[GIVEN DATA — start]

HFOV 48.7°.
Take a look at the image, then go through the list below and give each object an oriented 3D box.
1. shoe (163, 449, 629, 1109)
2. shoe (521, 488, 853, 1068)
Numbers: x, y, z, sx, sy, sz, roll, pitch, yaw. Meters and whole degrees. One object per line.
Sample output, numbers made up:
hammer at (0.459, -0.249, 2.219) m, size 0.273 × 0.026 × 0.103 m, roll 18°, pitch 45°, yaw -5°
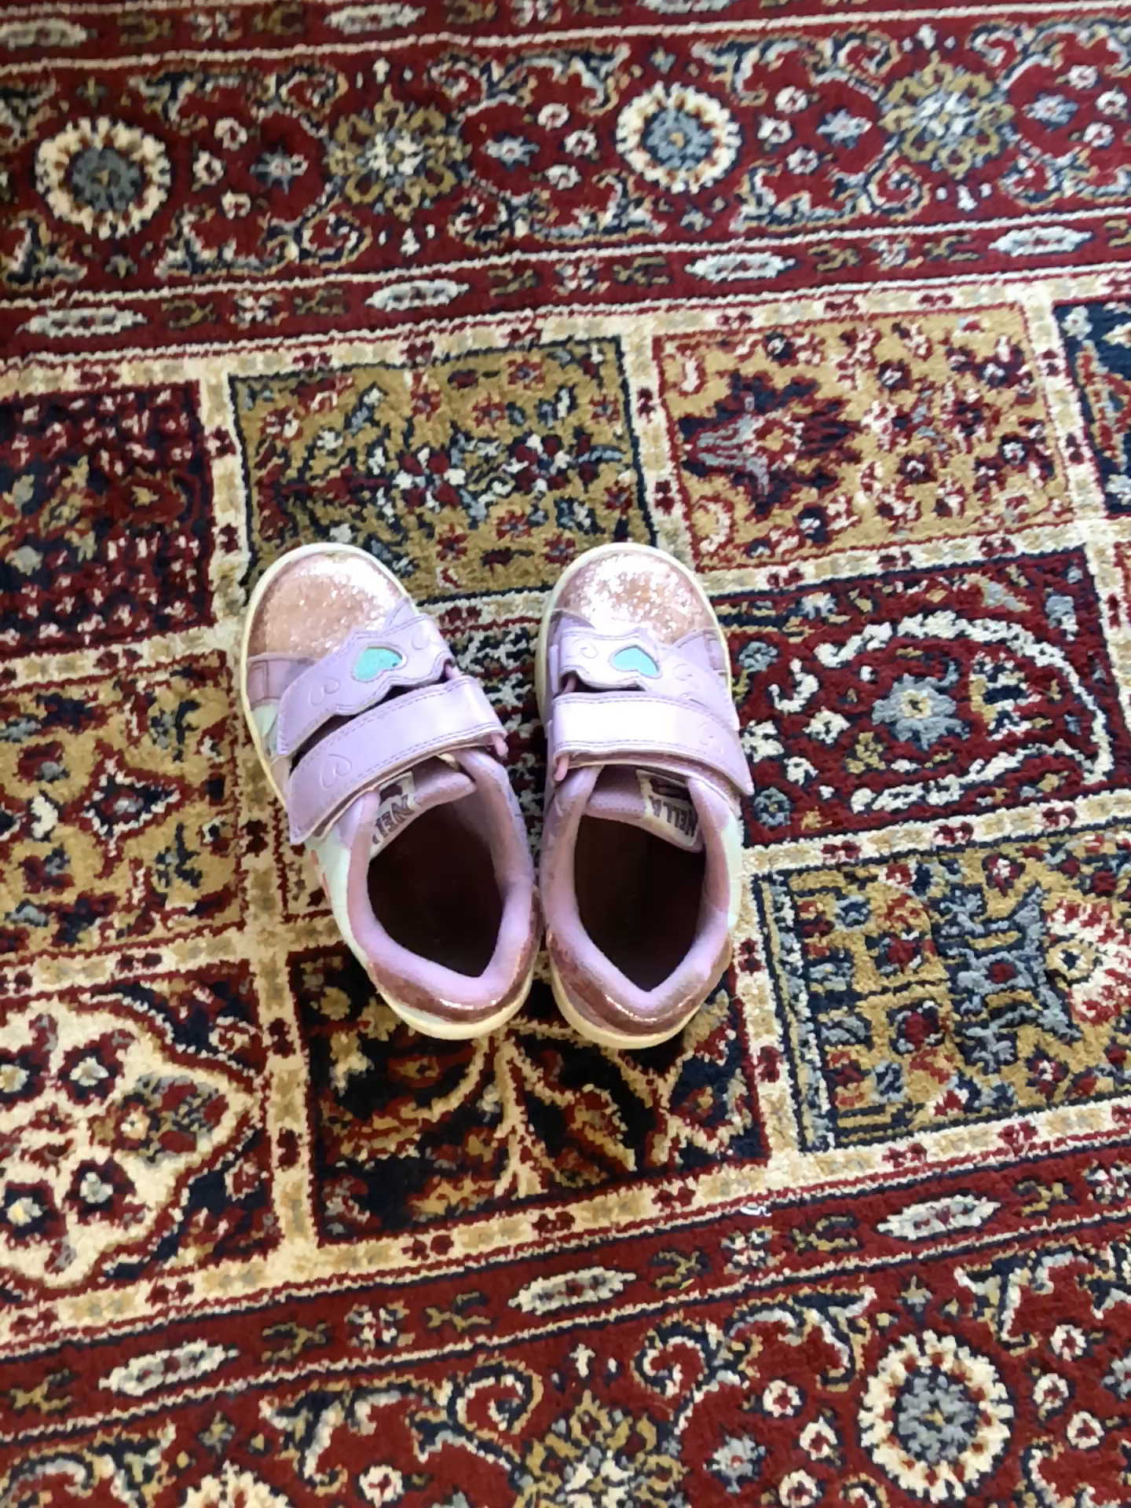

[GIVEN DATA — finish]

» **YOUR ASSIGNMENT**:
Apart from the images, every line above is to be given again exactly.

» **THE COMPLETED TASK**:
HFOV 48.7°.
Take a look at the image, then go through the list below and give each object an oriented 3D box.
1. shoe (163, 449, 629, 1109)
2. shoe (521, 488, 853, 1068)
Numbers: x, y, z, sx, sy, sz, roll, pitch, yaw. Meters and whole degrees. One object per line.
Sample output, numbers made up:
hammer at (0.459, -0.249, 2.219) m, size 0.273 × 0.026 × 0.103 m, roll 18°, pitch 45°, yaw -5°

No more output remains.